今後の展望について、同社はさらなる成長と社会的責務の両立を見据えている。東京都水道局からの業務移転が進む一方、水道施設の老朽化が深刻化しており、更新や維持管理の需要は増加している。加えて、地震や豪雨といった自然災害への備えも欠かせない。野田社長は「こうした課題に立ち向かうには、人の力が不可欠です。今後も人材確保、技術継承、能力向上に力を入れ、安定した給水を守り抜きます」と決意を示す。

働きやすい環境と
福利厚生の充実が強み


 同社の大きな特徴は、働きやすい環境づくりと福利厚生の充実だ。2023年度からは毎年のベースアップを実施し、社員への還元を明確に打ち出した。
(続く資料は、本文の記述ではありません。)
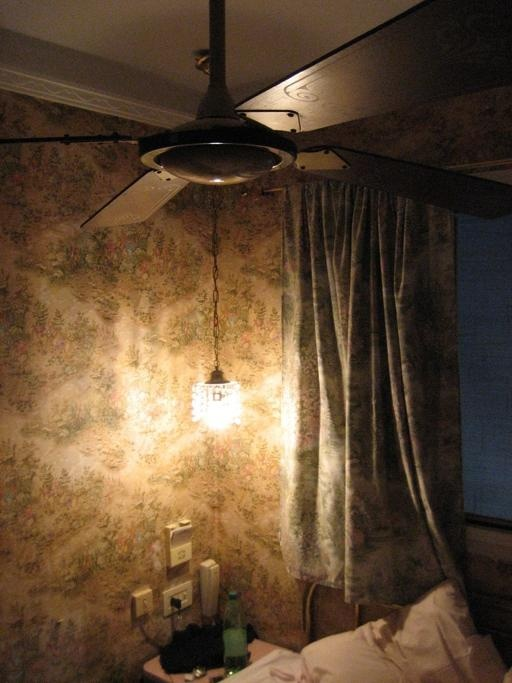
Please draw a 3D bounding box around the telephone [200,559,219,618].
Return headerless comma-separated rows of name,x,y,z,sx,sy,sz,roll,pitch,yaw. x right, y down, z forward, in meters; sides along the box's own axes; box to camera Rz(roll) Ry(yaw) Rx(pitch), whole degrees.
telephone,-0.196,1.038,2.608,0.081,0.226,0.101,-1,-11,-7

技術系社員を対象とした住宅制度においても、大手ハウスメーカー施工のマンションや、食堂付きの物件を選べ、家賃の8割を会社が負担する仕組みを導入。従来は30歳までだった社員住宅利用の年齢上限を40歳に引き上げ、長期的な生活基盤の安定を支えている。さらに、社員の子どもの教育費を無利子で貸し付ける制度を導入。奨学金ならびに教育ローン返還支援制度も新たに開始した。
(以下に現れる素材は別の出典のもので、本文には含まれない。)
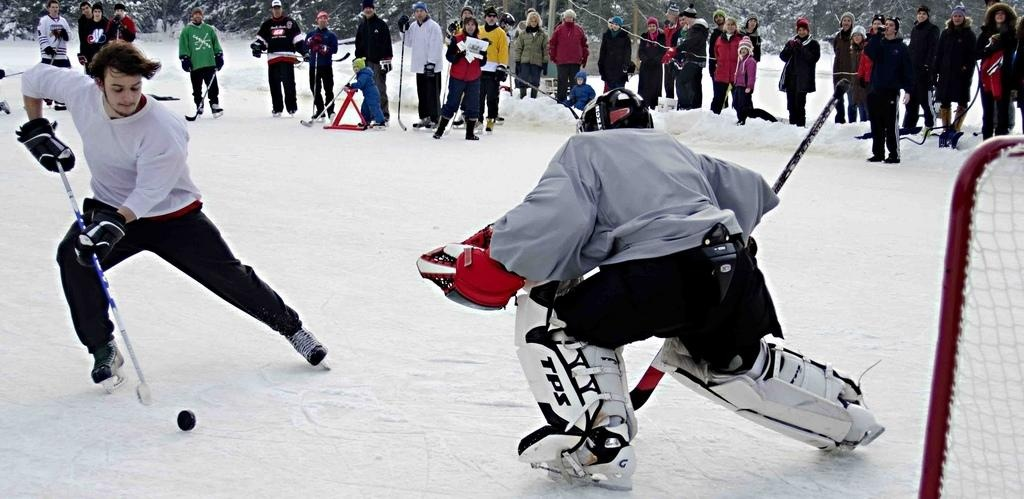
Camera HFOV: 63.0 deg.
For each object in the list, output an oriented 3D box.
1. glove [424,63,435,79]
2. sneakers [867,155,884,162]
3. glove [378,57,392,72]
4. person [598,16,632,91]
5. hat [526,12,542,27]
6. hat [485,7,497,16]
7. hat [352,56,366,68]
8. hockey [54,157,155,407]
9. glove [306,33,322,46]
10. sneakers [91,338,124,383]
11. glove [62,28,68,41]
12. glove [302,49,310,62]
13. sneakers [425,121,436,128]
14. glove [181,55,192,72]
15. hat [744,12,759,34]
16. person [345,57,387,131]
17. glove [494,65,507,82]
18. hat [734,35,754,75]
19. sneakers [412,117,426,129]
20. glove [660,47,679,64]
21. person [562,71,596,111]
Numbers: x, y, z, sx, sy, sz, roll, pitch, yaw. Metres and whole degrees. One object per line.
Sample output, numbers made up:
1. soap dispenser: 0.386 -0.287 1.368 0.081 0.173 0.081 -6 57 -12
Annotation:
1. glove: -1.399 -3.012 14.030 0.217 0.260 0.226 0 6 -13
2. sneakers: 5.237 -1.302 11.959 0.233 0.137 0.080 15 24 42
3. glove: -2.138 -3.203 14.523 0.275 0.219 0.195 -26 31 -12
4. person: 2.027 -3.770 16.109 0.660 1.371 0.708 2 14 6
5. hat: 0.431 -4.479 16.342 0.284 0.286 0.330 -2 -17 2
6. hat: -0.363 -3.979 13.971 0.172 0.137 0.368 -1 12 -8
7. hat: -2.594 -3.161 14.181 0.199 0.159 0.232 1 -13 6
8. hockey: -3.082 0.300 6.313 0.298 2.052 0.082 -22 0 -20
9. glove: -3.499 -3.713 14.787 0.267 0.230 0.273 -24 27 -28
10. sneakers: -3.003 0.829 6.166 0.144 0.165 0.401 -28 14 -2
11. glove: -7.985 -3.801 14.820 0.104 0.201 0.273 -3 13 -16
12. glove: -3.663 -3.402 14.728 0.062 0.123 0.147 8 14 37
13. sneakers: -1.411 -2.145 14.428 0.137 0.036 0.127 -6 -7 23
14. glove: -5.757 -3.269 14.687 0.261 0.244 0.270 2 15 -17
15. hat: 4.258 -3.988 14.844 0.212 0.339 0.546 4 13 14
16. person: -2.511 -2.711 14.317 0.644 1.152 0.685 -1 14 -7
17. glove: -0.173 -2.972 14.042 0.176 0.247 0.243 3 14 10
18. hat: 4.001 -3.364 14.234 0.299 0.540 0.341 4 14 13
19. sneakers: -1.659 -2.206 14.560 0.141 0.153 0.397 -10 13 -39
20. glove: 2.952 -3.627 15.611 0.302 0.236 0.099 9 3 -5
21. person: 1.279 -2.994 15.788 0.719 0.657 0.470 3 19 25

 教育・人材育成の分野でも、多彩な取り組みを展開している。計画的なOJTや東京都水道局と連携した研修を組み合わせ、実践的なスキルの習得を支援。通信教育は250種類以上、資格取得支援は100種類以上を全額会社負担で提供し、社員の挑戦意欲を後押しする。さらに19年には、若手社員の新しい発想や現場実務に基づく知見を積極的に活用するために、「若手発想プロジェクト」も立ち上げた。